As the spinal cord injury separates the parasympathetic (craniosacral division of ANS) from the sympathetic branch (thoracolumbar chain) the negative feedback loop is affected. The body is unable to restore autonomic equilibrium when presented with noxious stimulus below the level of injury so BP will keep rising until the stimulus is removed.

Signs and symptoms – Clinical Features

  • Hypertension: Greater than 20mmHg above baseline for both systolic and diastolic (Typical BP in tetraplegia patient is 90-110/60-70mmHg supine
  • BP is commonly lower when patient is sitting due to orthostatic hypotension)
  • Severe bilateral pounding headache
  • Diaphoresis or flushing above the level of the spinal cord lesion (Diaphoresis can be profuse)
  • Nasal congestion
  • Visual changes or disturbances
  • Bradycardia or tachycardia (Bradycardia at onset, tachycardia may follow)
  • Pallor or gooseflesh below the level of the spinal cord lesion
  • Respiratory distress or bronchospasms
  • Anxiety (Apprehension over impending physical problem to fear of death is common)
  • Metallic taste in mouth
  • Significantly elevated BP with minimal or no symptoms (Silent Autonomic Dysreflexia)

Causes

Autonomic Dysreflexia has many potential causes. It is essential that the specific cause be identified and treated in order to resolve an episode of Autonomic Dysreflexia and to prevent recurrence. Any noxious stimuli below the level of injury may result in Autonomic Dysreflexia. Bladder and bowel problems are the most common causes of Autonomic Dysreflexia.

System Noxious Stimuli
Dermatologic Pressure sore
Ingrown toenail
Constrictive clothing
Burns, blisters, sunburn, frostbite
Musculoskeletal Fracture
Heterotopic ossification
Dislocation
Reproductive Female: menstruation, vaginitis, labour and delivery
Male: ejaculation, epididymitis, scrotal compression, testicular torsion
Haematological Deep vein thrombosis
Pulmonary embolus
Central Nervous System Syringomyelia
Medications Nasal decongestants
Misoprostol
Sympathomimetics
Stimulants

Management and recommendations

Sit patient up (keep patient sitting or upright until BP returns to normal)

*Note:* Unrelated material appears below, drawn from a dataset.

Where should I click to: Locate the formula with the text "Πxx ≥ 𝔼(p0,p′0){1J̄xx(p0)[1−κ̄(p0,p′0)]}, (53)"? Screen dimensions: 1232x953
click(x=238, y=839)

Loosen or remove any tight clothing

Monitor BP every 2-5 minutes

For patients with catheter:

  • empty leg bag and note volume
  • check tubing not blocked/kinked
  • if catheter blocked remove and re-catheterise using lubricant containing lidocaine

For patients without catheter:

  • if bladder distended and patient unable to pass urine insert catheter using lubricant containing lidocaine

If bladder distension excluded – gently examine per rectum

For faecal mass in rectum:

  • gently insert gloved finger covered in lidocaine jelly into rectum and remove faecal mass

If bladder and bowel excluded check the above (see table of causes)

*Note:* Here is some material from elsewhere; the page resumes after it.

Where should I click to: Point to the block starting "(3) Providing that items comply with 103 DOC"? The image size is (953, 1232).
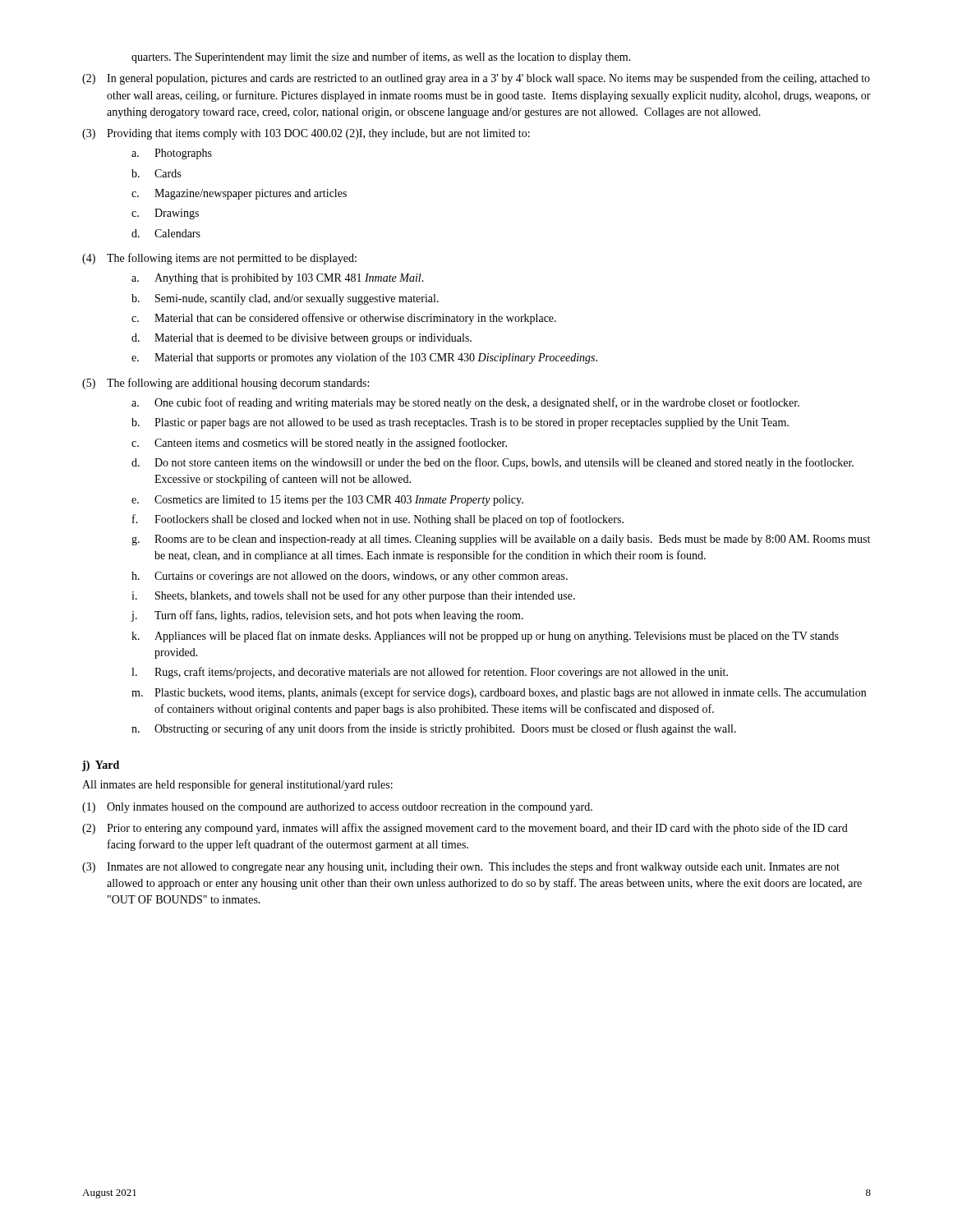[x=306, y=134]

If systolic BP > 150mmHg instigate immediate pharmacological management:

  • 10 mg Nifedipine sublingual or chewed or GTN spray 1-2 sprays, repeat every 20-30 min if needed

If symptoms do not resolve quickly patient should be admitted to hospital for further assessment and management or contact a spinal cord injury centre for further advice.

Follow-up

  • Blood pressure should be monitored by patient/carer for at least 2 hours after an episode to ensure no rebound hypotension and no Autonomic Dysreflexia recurrence
  • Provide patient with information to prevent further episodes
  • Encourage patient to maintain a record of their BP using a home BP cuff and know their baseline BP
  • Provide patient with medication (e.g. Nifedipine 10mg sublingual or GTN spray) to treat episodes
  • If patient has recurrent episodes of Autonomic Dysreflexia, monitor closely and consider referring to a specialist in spinal cord injury
References

Ontario Neurotrauma Foundation. Caring for Persons with Spinal Cord Injury - e-learning resource for family physicians. eprimarycare.onf.org/AutonomicDysreflexia.html

Royal College of Physicians (2008). Chronic Spinal Cord Injury. Management of Patients in Acute Hospital Settings. www.rcplondon.ac.uk.